Extra: See the ISS tour from Suni Williams in video below...
Eyes turned skyward again for lunar eclipses, meteor showers and other astral phenomenon, as if being earthbound was simply too limiting in this day and age.
The Sonoma Speakers Series next week will host perhaps their most unusual guest: a woman who embraces several job descriptions – from scientist to athlete to astronaut – Sunita Williams.
Sally Ride wasn’t the first female astronaut, though she was the first American woman to journey into space, in 1983. But it was 20 years earlier that the Soviet Union launched Valentina Tershkova into space, on June 16, 1963 – she orbited the earth 48 times and is still the only woman to have made a solo space mission. (Her accomplishment renders pale John Glenn’s paltry three orbits the year before.)
If Ride was the first American, she was far from the last – her immediate successor in space, astronaut Judith Resnik, was killed in the Challenger disaster of Jan. 28, 1986, though she had orbited before. But literally dozens of women followed in their wake over the following decades until, in December of 2006, Sunita Williams became the 45th woman to venture above the atmosphere, making the journey to the International Space Station aboard the Space Shuttle Discovery.
Williams will come to Sonoma on Monday, Aug. 19, to celebrate the anniversary of the lunar landing as well as women’s role in the space program. The presentation will take place at the Hanna Boys Center auditorium, where Williams will be introduced by Schweickart and interviewed on stage by Sonoma resident Bill Angeloni.
“The first time I remember hearing her name was when she set the new record for sit-ups at Annapolis during our first summer there,” said Angeloni. She did 120 in two minutes.
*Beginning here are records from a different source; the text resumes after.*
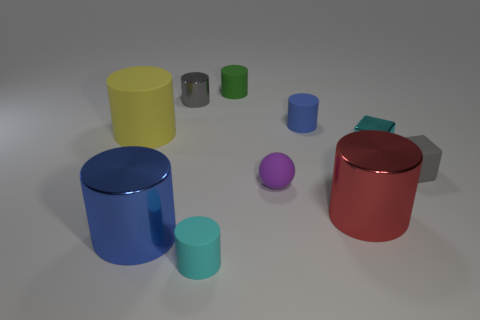There is a matte object that is the same color as the tiny metallic cube; what is its shape?
Keep it short and to the point. Cylinder. How many red metal spheres have the same size as the matte sphere?
Your answer should be compact. 0. What number of objects are either matte cylinders that are to the right of the tiny ball or tiny cyan objects that are to the right of the large red metal thing?
Offer a very short reply. 2. Do the tiny cube behind the small rubber block and the large cylinder that is to the right of the blue metallic cylinder have the same material?
Provide a succinct answer. Yes. What shape is the tiny purple rubber object that is in front of the tiny cube that is in front of the tiny cyan block?
Give a very brief answer. Sphere. Are there any other things that are the same color as the tiny shiny block?
Offer a very short reply. Yes. There is a tiny cyan thing to the right of the tiny matte cylinder that is behind the small gray cylinder; are there any objects to the left of it?
Keep it short and to the point. Yes. Do the small rubber cylinder in front of the large blue metallic cylinder and the small metal object in front of the tiny shiny cylinder have the same color?
Make the answer very short. Yes. There is a red cylinder that is the same size as the yellow cylinder; what material is it?
Give a very brief answer. Metal. What size is the blue object that is to the left of the green matte object that is behind the gray thing behind the small gray matte thing?
Your answer should be compact. Large.

I should have known then that her tenacity would take her far.”
Like Williams, Angeloni attended the U.S. Naval Academy at a time when the space program was in full flower: the missions to the moon had ended years earlier, but the Space Shuttle was making regular flights to the first orbital station, Spacelab, and in 1983 – when Williams was starting her career at Annapolis – Sally Ride took her historic flight.
“There were a few of us that were dreaming of becoming an astronaut — I wanted to do that since eighth grade at Altimira,” said Angeloni, described by the Speaker Series as a “serial entrepreneur.” He recalls that Williams wanted to fly, but teases that how she decided to become an astronaut will be discussed at the Aug. 19 event.
“I really want the students to understand her road to becoming an astronaut, that it was not a straight path, and she had to overcome several obstacles along the way,” said Angeloni.
Williams, now 53, ticks all the boxes on the astronaut’s checklist: a graduate of the U.S. Naval Academy at Annapolis in physical science and the Florida Institute of Technology in engineering, she became a naval aviator in 1989 and served overseas in Operation Desert Shield and other operations. Her interest in aviation grew and she went to the Navy’s test pilot school, testing in an array of advanced helicopters.